I thought it would be interesting to try. I don’t typically run advertisements on Whatever, because on a day-to-day basis I don’t have the need to. But obviously Subterranean Press is a company I have a relationship with, they’re promoting works and authors I like, and I feel the company’s ethic regarding writers (pay well and pay quickly) is one well worth supporting. In terms of the advertisements in the story, I have control over what ads are placed and how they show up. And beyond that, the idea of getting paid to post one of my own stories on my own site appeals to me on several different levels. So I said yes.

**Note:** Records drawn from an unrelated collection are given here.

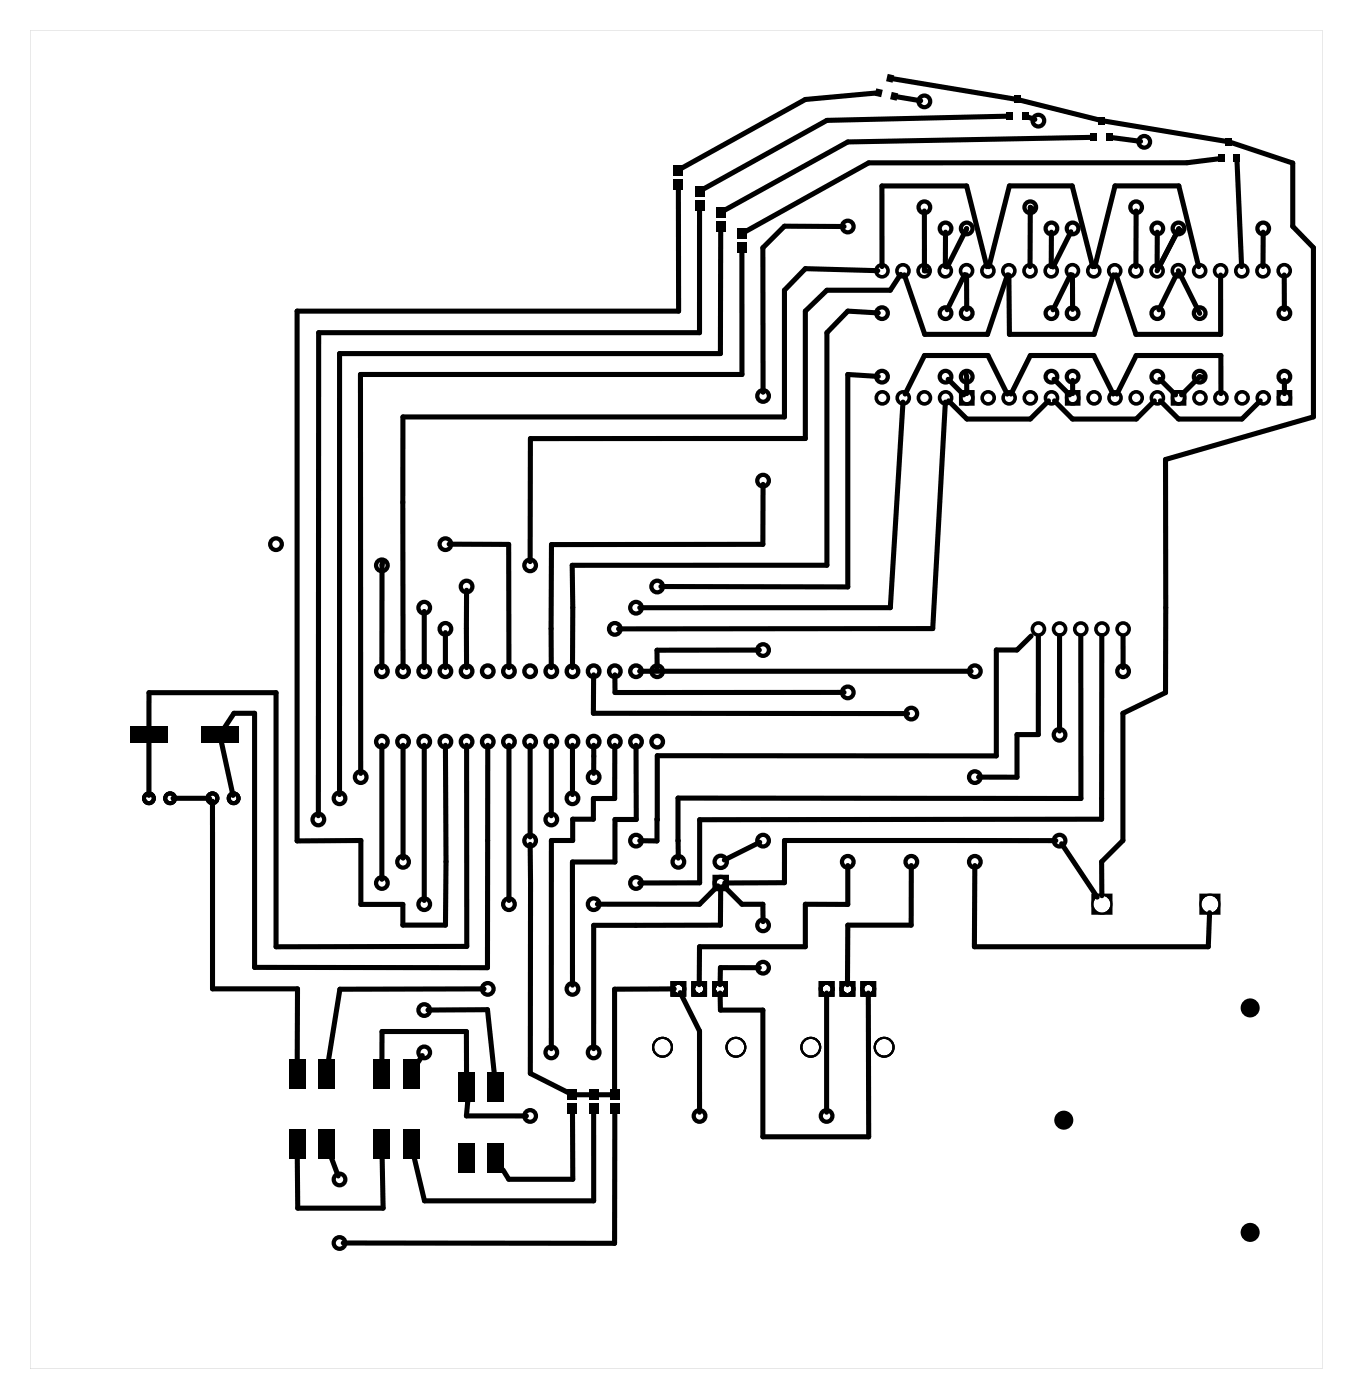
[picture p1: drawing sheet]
<svg xmlns="http://www.w3.org/2000/svg" width="162mm" height="168mm" viewBox="0 0 162 168" stroke-linecap="round" stroke-linejoin="round" font-family="sans-serif">
<g fill="#000">
<path d="M80.8 19.8h1.1v1.2h-1.1zM105.1 10.6l.8 .2-.2 .9-.8-.2zM106.5 8.9l.8 .1-.2 .9-.8-.2zM107 11l.7 .2-.2 .9-.7-.2zM120.7 13.5h.8v.9h-.8zM121.6 11.5h.8v.9h-.8zM122.6 13.5h.8v.9h-.8zM130.8 16h.8v.9h-.8zM131.8 14h.8v.9h-.8zM132.7 16h.8v.9h-.8zM146.1 18.6h.8v.9h-.8zM147 16.6h.8v.9h-.8z"/>
<path d="M148 18.6h.8v.9h-.8zM80.8 21.5h1.1v1.2h-1.1zM83.4 22.3h1.1v1.2h-1.1zM83.4 24h1.1v1.2h-1.1zM85.9 24.9h1.1v1.2h-1.1zM85.9 26.6h1.1v1.2h-1.1zM88.4 27.4h1.1v1.2h-1.1zM88.4 29.1h1.1v1.2h-1.1zM15.6 87.1h4.5v2h-4.5zM24.1 87.1h4.5v2h-4.5zM34.6 135.5h2v3.5h-2zM34.6 127h2v3.5h-2z"/>
<path d="M38.1 135.5h2v3.5h-2zM38.1 127h2v3.5h-2zM44.8 135.5h2v3.5h-2zM44.8 127h2v3.5h-2zM48.3 135.5h2v3.5h-2zM48.3 127h2v3.5h-2zM55 128.7h2v3.5h-2zM58.5 128.7h2v3.5h-2zM68.1 132.4h1.1v1.2h-1.1zM68.1 130.7h1.1v1.2h-1.1zM70.7 132.4h1.1v1.2h-1.1zM70.7 130.7h1.1v1.2h-1.1z"/>
<path d="M73.2 132.4h1.1v1.2h-1.1zM73.2 130.7h1.1v1.2h-1.1zM55 137.2h2v3.5h-2zM58.5 137.2h2v3.5h-2z"/>
<path d="M3.6 3.6v160.6h155v-160.6zM3.6 3.6h155v160.6h-155z"/>
<path d="M80.4 117.7h1.9v1.9h-1.9zM80.9 118.6a.5 .5 0 0 0 1 0 .5 .5 0 0 0-1 0z"/>
<path d="M80.4 117.7h1.9v1.9h-1.9zM80.9 118.6a.5 .5 0 0 0 1 0 .5 .5 0 0 0-1 0z"/>
<path d="M80.4 117.7h1.9v1.9h-1.9zM80.9 118.6a.5 .5 0 0 0 1 0 .5 .5 0 0 0-1 0z"/>
<path d="M82.9 117.7h1.9v1.9h-1.9zM83.4 118.6a.5 .5 0 0 0 1 0 .5 .5 0 0 0-1 0z"/>
<path d="M82.9 117.7h1.9v1.9h-1.9zM83.4 118.6a.5 .5 0 0 0 1 0 .5 .5 0 0 0-1 0z"/>
<path d="M82.9 117.7h1.9v1.9h-1.9zM83.4 118.6a.5 .5 0 0 0 1 0 .5 .5 0 0 0-1 0z"/>
<path d="M85.4 117.7h1.9v1.9h-1.9zM85.9 118.6a.5 .5 0 0 0 1 0 .5 .5 0 0 0-1 0z"/>
<path d="M85.4 117.7h1.9v1.9h-1.9zM85.9 118.6a.5 .5 0 0 0 1 0 .5 .5 0 0 0-1 0z"/>
<path d="M85.4 117.7h1.9v1.9h-1.9zM85.9 118.6a.5 .5 0 0 0 1 0 .5 .5 0 0 0-1 0z"/>
<path d="M98.2 117.7h1.9v1.9h-1.9zM98.6 118.6a.5 .5 0 0 0 1 0 .5 .5 0 0 0-1 0z"/>
<path d="M98.2 117.7h1.9v1.9h-1.9zM98.6 118.6a.5 .5 0 0 0 1 0 .5 .5 0 0 0-1 0z"/>
<path d="M98.2 117.7h1.9v1.9h-1.9zM98.6 118.6a.5 .5 0 0 0 1 0 .5 .5 0 0 0-1 0z"/>
<path d="M100.7 117.7h1.9v1.9h-1.9zM101.1 118.6a.5 .5 0 0 0 1 0 .5 .5 0 0 0-1 0z"/>
<path d="M100.7 117.7h1.9v1.9h-1.9zM101.1 118.6a.5 .5 0 0 0 1 0 .5 .5 0 0 0-1 0z"/>
<path d="M100.7 117.7h1.9v1.9h-1.9zM101.1 118.6a.5 .5 0 0 0 1 0 .5 .5 0 0 0-1 0z"/>
<path d="M103.2 117.7h1.9v1.9h-1.9zM103.6 118.6a.5 .5 0 0 0 1 0 .5 .5 0 0 0-1 0z"/>
<path d="M103.2 117.7h1.9v1.9h-1.9zM103.6 118.6a.5 .5 0 0 0 1 0 .5 .5 0 0 0-1 0z"/>
<path d="M103.2 117.7h1.9v1.9h-1.9zM103.6 118.6a.5 .5 0 0 0 1 0 .5 .5 0 0 0-1 0z"/>
<path d="M130.9 107.2v2.5h2.5v-2.5zM131.1 108.5a1.05 1.05 0 0 1 2.1 0 1.05 1.05 0 0 1-2.1 0z"/>
<path d="M143.8 107.2v2.5h2.6v-2.5zM144.1 108.5a1.02 1.02 0 0 1 2 0 1.02 1.02 0 0 1-2 0z"/>
</g>
<g fill="none" stroke="#000" stroke-width=".51">
<path d="M85.7 105.2h1.5v1.4h-1.5z"/>
<circle cx="110.9" cy="12.2" r=".7"/>
<circle cx="124.5" cy="14.5" r=".7"/>
<circle cx="137.2" cy="17" r=".7"/>
<circle cx="101.7" cy="27.2" r=".7"/>
<circle cx="105.8" cy="37.6" r=".7"/>
<circle cx="110.9" cy="24.9" r=".7"/>
<circle cx="113.4" cy="37.6" r=".7"/>
<circle cx="113.4" cy="27.4" r=".7"/>
<circle cx="115.9" cy="27.4" r=".7"/>
<circle cx="115.9" cy="37.6" r=".7"/>
<circle cx="123.6" cy="24.9" r=".7"/>
<circle cx="126.1" cy="27.4" r=".7"/>
<circle cx="126.1" cy="37.6" r=".7"/>
<circle cx="128.6" cy="27.4" r=".7"/>
<circle cx="128.6" cy="37.6" r=".7"/>
<circle cx="136.3" cy="24.9" r=".7"/>
<circle cx="138.8" cy="27.4" r=".7"/>
<circle cx="138.8" cy="37.6" r=".7"/>
<circle cx="141.3" cy="27.4" r=".7"/>
<circle cx="143.9" cy="37.6" r=".7"/>
<circle cx="151.5" cy="27.4" r=".7"/>
<circle cx="154" cy="37.6" r=".7"/>
<circle cx="91.5" cy="47.5" r=".7"/>
<circle cx="91.5" cy="57.7" r=".7"/>
<circle cx="105.8" cy="45.2" r=".7"/>
<circle cx="113.4" cy="45.2" r=".7"/>
<circle cx="115.9" cy="45.2" r=".7"/>
<circle cx="126.1" cy="45.2" r=".7"/>
<circle cx="128.6" cy="45.2" r=".7"/>
<circle cx="138.8" cy="45.2" r=".7"/>
<circle cx="143.9" cy="45.2" r=".7"/>
<circle cx="154" cy="45.2" r=".7"/>
<circle cx="33.1" cy="65.3" r=".7"/>
<circle cx="45.8" cy="67.8" r=".7"/>
<circle cx="50.9" cy="72.9" r=".7"/>
<circle cx="53.4" cy="65.3" r=".7"/>
<circle cx="53.4" cy="75.4" r=".7"/>
<circle cx="56" cy="70.4" r=".7"/>
<circle cx="63.6" cy="67.8" r=".7"/>
<circle cx="73.7" cy="75.4" r=".7"/>
<circle cx="76.3" cy="72.9" r=".7"/>
<circle cx="78.8" cy="70.4" r=".7"/>
<circle cx="91.5" cy="78" r=".7"/>
<circle cx="38.2" cy="98.3" r=".7"/>
<circle cx="40.7" cy="95.8" r=".7"/>
<circle cx="43.3" cy="93.2" r=".7"/>
<circle cx="66.1" cy="98.3" r=".7"/>
<circle cx="68.7" cy="95.8" r=".7"/>
<circle cx="71.2" cy="93.2" r=".7"/>
<circle cx="101.7" cy="83.1" r=".7"/>
<circle cx="109.3" cy="85.6" r=".7"/>
<circle cx="116.9" cy="80.5" r=".7"/>
<circle cx="116.9" cy="93.2" r=".7"/>
<circle cx="127.1" cy="88.1" r=".7"/>
<circle cx="134.7" cy="80.5" r=".7"/>
<circle cx="45.8" cy="105.9" r=".7"/>
<circle cx="48.3" cy="103.4" r=".7"/>
<circle cx="50.9" cy="108.5" r=".7"/>
<circle cx="58.5" cy="118.6" r=".7"/>
<circle cx="61" cy="108.5" r=".7"/>
<circle cx="63.6" cy="100.8" r=".7"/>
<circle cx="68.7" cy="118.6" r=".7"/>
<circle cx="71.2" cy="108.5" r=".7"/>
<circle cx="76.3" cy="105.9" r=".7"/>
<circle cx="76.3" cy="100.8" r=".7"/>
<circle cx="81.4" cy="103.4" r=".7"/>
<circle cx="86.4" cy="103.4" r=".74"/>
<circle cx="86.4" cy="105.9" r=".74"/>
<circle cx="91.5" cy="100.8" r=".7"/>
<circle cx="91.5" cy="111" r=".7"/>
<circle cx="91.5" cy="116.1" r=".7"/>
<circle cx="101.7" cy="103.4" r=".7"/>
<circle cx="109.3" cy="103.4" r=".7"/>
<circle cx="116.9" cy="103.4" r=".7"/>
<circle cx="127.1" cy="100.8" r=".7"/>
<circle cx="50.9" cy="121.2" r=".7"/>
<circle cx="50.9" cy="126.2" r=".7"/>
<circle cx="63.6" cy="133.9" r=".7"/>
<circle cx="66.1" cy="126.2" r=".7"/>
<circle cx="71.2" cy="126.2" r=".7"/>
<circle cx="83.9" cy="133.9" r=".7"/>
<circle cx="99.1" cy="133.9" r=".7"/>
<circle cx="40.7" cy="141.5" r=".7"/>
<circle cx="40.7" cy="149.1" r=".7"/>
</g>
<g fill="none" stroke="#000" stroke-width=".52">
<circle cx="45.8" cy="80.5" r=".69"/>
<circle cx="45.8" cy="89" r=".69"/>
<circle cx="48.3" cy="80.5" r=".69"/>
<circle cx="48.3" cy="89" r=".69"/>
<circle cx="50.9" cy="80.5" r=".69"/>
<circle cx="50.9" cy="89" r=".69"/>
<circle cx="53.4" cy="80.5" r=".69"/>
<circle cx="53.4" cy="89" r=".69"/>
<circle cx="56" cy="80.5" r=".69"/>
<circle cx="56" cy="89" r=".69"/>
<circle cx="58.5" cy="80.5" r=".69"/>
<circle cx="58.5" cy="89" r=".69"/>
<circle cx="61" cy="80.5" r=".69"/>
<circle cx="61" cy="89" r=".69"/>
<circle cx="63.6" cy="80.5" r=".69"/>
<circle cx="63.6" cy="89" r=".69"/>
<circle cx="66.1" cy="80.5" r=".69"/>
<circle cx="66.1" cy="89" r=".69"/>
<circle cx="68.7" cy="80.5" r=".69"/>
<circle cx="68.7" cy="89" r=".69"/>
<circle cx="71.2" cy="80.5" r=".69"/>
<circle cx="71.2" cy="89" r=".69"/>
<circle cx="73.7" cy="80.5" r=".69"/>
<circle cx="73.7" cy="89" r=".69"/>
<circle cx="76.3" cy="80.5" r=".69"/>
<circle cx="76.3" cy="89" r=".69"/>
<circle cx="78.8" cy="80.5" r=".69"/>
<circle cx="78.8" cy="89" r=".69"/>
</g>
<g fill="none" stroke="#000" stroke-width=".43">
<path d="M115.2 47h1.5v1.4h-1.5zM127.9 47h1.5v1.4h-1.5zM140.6 47h1.5v1.4h-1.5zM153.3 47h1.5v1.4h-1.5z"/>
<circle cx="105.8" cy="32.5" r=".72"/>
<circle cx="108.3" cy="32.5" r=".72"/>
<circle cx="110.8" cy="32.5" r=".72"/>
<circle cx="113.4" cy="32.5" r=".72"/>
<circle cx="115.9" cy="32.5" r=".72"/>
<circle cx="118.5" cy="32.5" r=".72"/>
<circle cx="121" cy="32.5" r=".72"/>
<circle cx="123.5" cy="32.5" r=".72"/>
<circle cx="126.1" cy="32.5" r=".72"/>
<circle cx="128.6" cy="32.5" r=".72"/>
<circle cx="131.2" cy="32.5" r=".72"/>
<circle cx="133.7" cy="32.5" r=".72"/>
<circle cx="136.2" cy="32.5" r=".72"/>
<circle cx="138.8" cy="32.5" r=".72"/>
<circle cx="141.3" cy="32.5" r=".72"/>
<circle cx="143.9" cy="32.5" r=".72"/>
<circle cx="146.4" cy="32.5" r=".72"/>
<circle cx="148.9" cy="32.5" r=".72"/>
<circle cx="151.5" cy="32.5" r=".72"/>
<circle cx="154" cy="32.5" r=".72"/>
<circle cx="105.8" cy="47.7" r=".72"/>
<circle cx="108.3" cy="47.7" r=".72"/>
<circle cx="110.9" cy="47.7" r=".72"/>
<circle cx="113.4" cy="47.7" r=".72"/>
<circle cx="116" cy="47.7" r=".72"/>
<circle cx="118.5" cy="47.7" r=".72"/>
<circle cx="121" cy="47.7" r=".72"/>
<circle cx="123.6" cy="47.7" r=".72"/>
<circle cx="126.1" cy="47.7" r=".72"/>
<circle cx="128.7" cy="47.7" r=".72"/>
<circle cx="131.2" cy="47.7" r=".72"/>
<circle cx="133.7" cy="47.7" r=".72"/>
<circle cx="136.3" cy="47.7" r=".72"/>
<circle cx="138.8" cy="47.7" r=".72"/>
<circle cx="141.4" cy="47.7" r=".72"/>
<circle cx="143.9" cy="47.7" r=".72"/>
<circle cx="146.4" cy="47.7" r=".72"/>
<circle cx="149" cy="47.7" r=".72"/>
<circle cx="151.5" cy="47.7" r=".72"/>
<circle cx="154.1" cy="47.7" r=".72"/>
<circle cx="124.5" cy="75.4" r=".72"/>
<circle cx="127.1" cy="75.4" r=".72"/>
<circle cx="129.6" cy="75.4" r=".72"/>
<circle cx="132.2" cy="75.4" r=".72"/>
<circle cx="134.7" cy="75.4" r=".72"/>
</g>
<g fill="none" stroke="#000" stroke-width=".44">
<circle cx="81.4" cy="118.6" r=".72"/>
<circle cx="83.9" cy="118.6" r=".72"/>
<circle cx="86.4" cy="118.6" r=".72"/>
<circle cx="99.1" cy="118.6" r=".72"/>
<circle cx="101.6" cy="118.6" r=".72"/>
<circle cx="104.1" cy="118.6" r=".72"/>
</g>
<g fill="none" stroke="#000" stroke-width=".25">
<circle cx="132.2" cy="108.5" r="1.14"/>
<circle cx="145.1" cy="108.5" r="1.14"/>
<circle cx="79.5" cy="125.6" r="1.13"/>
<circle cx="88.3" cy="125.6" r="1.13"/>
<circle cx="97.2" cy="125.6" r="1.13"/>
<circle cx="106" cy="125.6" r="1.13"/>
</g>
<g fill="#000">
<circle cx="127.6" cy="134.4" r="1.14"/>
<circle cx="149.9" cy="120.9" r="1.14"/>
<circle cx="149.9" cy="147.8" r="1.14"/>
</g>
<g fill="none" stroke="#000" stroke-width=".48">
<circle cx="17.9" cy="95.8" r=".59"/>
<circle cx="20.4" cy="95.8" r=".59"/>
<circle cx="25.5" cy="95.8" r=".59"/>
<circle cx="28" cy="95.8" r=".59"/>
</g>
<g fill="none" stroke="#000" stroke-width=".61">
<path d="M101.7 17l-14.8 8.2M105.1 11.2l-8.5 .7-14.8 8.3M107 9.4l14.7 2.5M107.5 11.6l2.9 .5M120.8 13.9l-21.6 .5-14.9 8.3M122.3 12l9.6 2.4M123.2 14l.9 .3M131 16.5l-29.3 .5M132.4 14.5l14.7 2.5M133.4 16.5l3.4 .5M146.2 19l-3.8 .5h-38.2l-14.8 8.3M147.7 17.1l7.4 2.5v7.6l2.4 2.5v20.3l-17.7 5.1v28l-5.1 2.5v15.2l-2.6 2.6 .1 4"/>
<path d="M148.4 19.3l.5 12.7M81.4 22.5v14.8h-45.8v63.6l7.7-.1v7.7h5v2.5h5.1l.1-7.6-.1-14M83.9 25.1v14.8h-45.7v57.9M86.4 27.6v14.8h-45.7v52.9M89 30.2v14.7h-45.8l.1 47.9M101.2 27.2l-7.1-.1-2.6 2.6v17.3M101.7 37.3l-2.5 2.6v27.9h-30.6l.1 12.3M101.7 37.3l3.6 .2M105.3 32.5l-8.7-.3-2.5 2.6v15.2h-45.8v30.1M105.8 32v-9.7h10.1l2.5 9.7M108 32.9l-1.2 1.9h-7.6l-2.6 2.5v15.3h-33v14.8M108.5 33l2.4 7.1h7.5l2.4-7.1"/>
<path d="M110.9 25.3v7.2h.4M113.4 27.8v4.2M115.7 32.9l-2.1 4.3M115.7 27.8l.2-.4-2.3 4.6M115.9 33v4.1M118.6 32l2.5-9.7h7.5l2.5 9.7M123.9 25.1l-.3-.2-.1 7.1M126.1 27.8v4.2M128.4 32.9l-2.1 4.3M128.4 27.8l-2.1 4.2M128.6 33v4.1M133.5 33l-2.3 7.1h-10.1l-.1-7.1"/>
<path d="M133.9 33l2.3 7.1h10.2v-7.1M136.3 25.3l-.1 6.7M138.8 27.8v4.2M141.1 32.9l-2.1 4.3M141.3 32.5l2.6 5.1M141.4 27.4l-2.6 5.1M141.4 27.4l.3 .3M141.4 27.4l-2.4 4.6M143.8 32l-2.4-9.7h-7.7l-2.4 9.7M151.5 27.8v4.2M154 33v4.1M91.5 58.1v7.2h-25.4v14.8"/>
<path d="M101.7 44.9v25.5h-22.4M101.7 44.9l3.6 .3M108.3 48.2l-1.5 24.7h-30.1M108.6 47.3l2.3-4.7h7.6l2.3 4.7M113.4 48.2l-1.5 27.2h-37.7M113.7 45.5l1.9 1.9M113.8 48.1l2.2 2.2h7.6l2.2-2.2M115.8 44.8l.1 .4 .1 2M121.3 47.3l2.3-4.7h7.6l2.3 4.7M126.4 45.5l1.9 1.9M128.6 45.6l.1 1.6M138.5 48.1l-2.2 2.2h-7.7l-2.1-2.2"/>
<path d="M139.1 45.5l1.9 1.9M144.3 45.3l-.4-.1-2.2 2.2M146.4 47.2v-4.6h-10.1l-2.3 4.7M151.2 48.1l-2.2 2.2h-7.6l-2.2-2.2M154 45.6l.1 1.6M45.9 67.4l-.1 .3v12.4M50.9 73.3v6.8M53.4 75.9v4.2M53.9 65.3h7.1v14.8M56 70.8v9.3M91.1 78h-12.3v2.1M123.7 76.3l-1.7 1.7h-2.5v12.7l-40.7-.1v10.3l-2.1-.1"/>
<path d="M124.5 76.3v11.8h-2.5v5.1h-4.6M127.1 76.2v11.5M129.6 76.3v19.5l-48.3-.1 .1 7.2M132.1 76.2v22.1h-48.2v7.6h-7.2M134.7 76.3v3.8M17.9 89v6.4M17.9 87.3v-4.2h15.2v30.5l22.9-.1v-24.1M20.8 95.8h4.3M25.5 96.1v22.5h10.2l-.1 8.6M26.5 89l1.4 6.4M26.9 87.3l1.2-1.7h2.4v30.4l28 .1v-26.7M45.8 89.4v16.1"/>
<path d="M48.3 89.4v13.5M50.9 89.4v18.6M61 89.4v18.6M63.6 89.4v11M66.1 89.4v8.4M68.7 89.4v5.9M71.2 80.9v4.7h37.7M71.2 89.4v3.4M73.7 89.4v6.4h-2.5v2.5h-2.5v2.5h-2.6v25M73.7 80.9l.1 2.2h27.4M76.3 89.4v8.9h-2.5v5.1h-5.1v14.8M76.7 80.5h39.8"/>
<path d="M58.1 118.6l-17.3 .1-1.4 8.5M63.6 101.3v27.5l4.7 2.3M80.9 118.6h-7.2v12.7M81.6 119.1l2.3 4.6v9.7M86.1 106.3l-2.2 2.2h-12.3M86.4 119.1v2.1h5.1v15.2h12.7l-.1-17.3M86.4 106.4v4.6h-15.2v14.8M86.8 106.3l2.2 2.2h2.5v2M91.1 116.1h-4.7v2M91.1 101l-4.2 2.2M99.1 119.1v14.3M101.7 103.8v4.7h-5.1v5.1h-12.7v4.5"/>
<path d="M101.7 111l-.1 7.1M109.3 103.8v7.2h-7.6M116.9 103.8v9.8h28l.2-4.1M126.6 100.8h-32.5v5.1h-7.2M127.3 101.2l4.3 6.4M35.7 138.9v6h10.3l-.2-6M39.7 138.9l.9 2.2M45.8 127.2v-3.5h10.1l.1 5.1M50.6 126.6l-.4 .8M51.3 121.1h7.2l.8 7.7M56.1 132l-.2 1.8 7.2 .1M68.7 133.5v7.9h-7.7l-.7-1.1"/>
<path d="M69.1 131.3h1.7M71.2 133.5v10.5h-20.3l-1.2-5.1M71.6 131.3h1.7M73.7 133.5v15.6h-32.5"/>
</g>
</svg>

And so today — just about a minute after I post this intro, in fact — you’ll see on Whatever a short story, by me, presented by Subterranean Press. The story will have a couple of ads in it, for SubPress books I like and I hope you’ll check out. Enjoy the story, check out the books and if you have any thoughts about this experiment, by all means let me know in this thread or in e-mail. Thanks.

Update, 11/2/10: Here’s the story.

35 Comments on “A Short Fiction Experiment”

  1. The premise is good, though I think it wouldn’t work quite as well with less popular bloggers for obvious reasons.

  2. I think it is a really good idea. I have no problem with support other writers’ work while getting to read me some Scalzi!

  3. Finding inserts with books was surprising… but I approve conceptually.
    Unfortunately I’m somewhat biased since I don’t trust the internet with my money so I wouldn’t purchase something found there.

  4. I would purchase the one I don’t have, however I refuse to buy ebooks from Amazon due to their terms of service.

  5. I have no problem with your posting it on your site, and taking the money for the advertisements. I do want to note two things:

    1) Direct links to Amazon are fine, but if Subterranean Press starts linking elsewhere adblocker software will render the experiment moot. (Perhaps a link to something like Book Depository as well, for those of us who won’t order from Amazon?)

    2) If the links are from your site, you will not be considered to be advertising the books, but endorsing them. Do you have any control over what books they will post?

  6. As it happens, for these particular books, I do endorse them, since I’ve read and liked them both.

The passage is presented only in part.